▸ **TASK TO CARRY OUT**: The reply is to be an exact repetition of the entries that follow, with each picture left out.

--

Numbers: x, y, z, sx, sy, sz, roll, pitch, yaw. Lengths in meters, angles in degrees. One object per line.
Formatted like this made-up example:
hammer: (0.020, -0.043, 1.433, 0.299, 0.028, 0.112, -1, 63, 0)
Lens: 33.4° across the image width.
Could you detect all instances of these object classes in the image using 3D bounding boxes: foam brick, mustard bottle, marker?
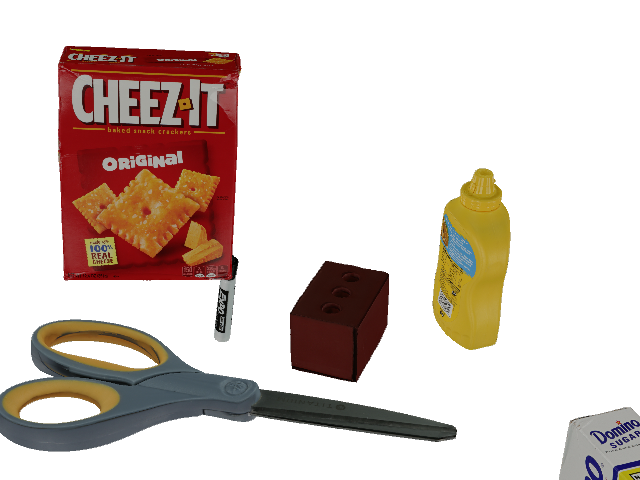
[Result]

--

▸ **THE ANSWER**:
Numbers: x, y, z, sx, sy, sz, roll, pitch, yaw. Lengths in meters, angles in degrees. One object per line.
Formatted like this made-up example:
hammer: (0.020, -0.043, 1.433, 0.299, 0.028, 0.112, -1, 63, 0)
Lens: 33.4° across the image width.
Could you detect all instances of these object classes in the image using 3D bounding boxes: foam brick, mustard bottle, marker?
[Result]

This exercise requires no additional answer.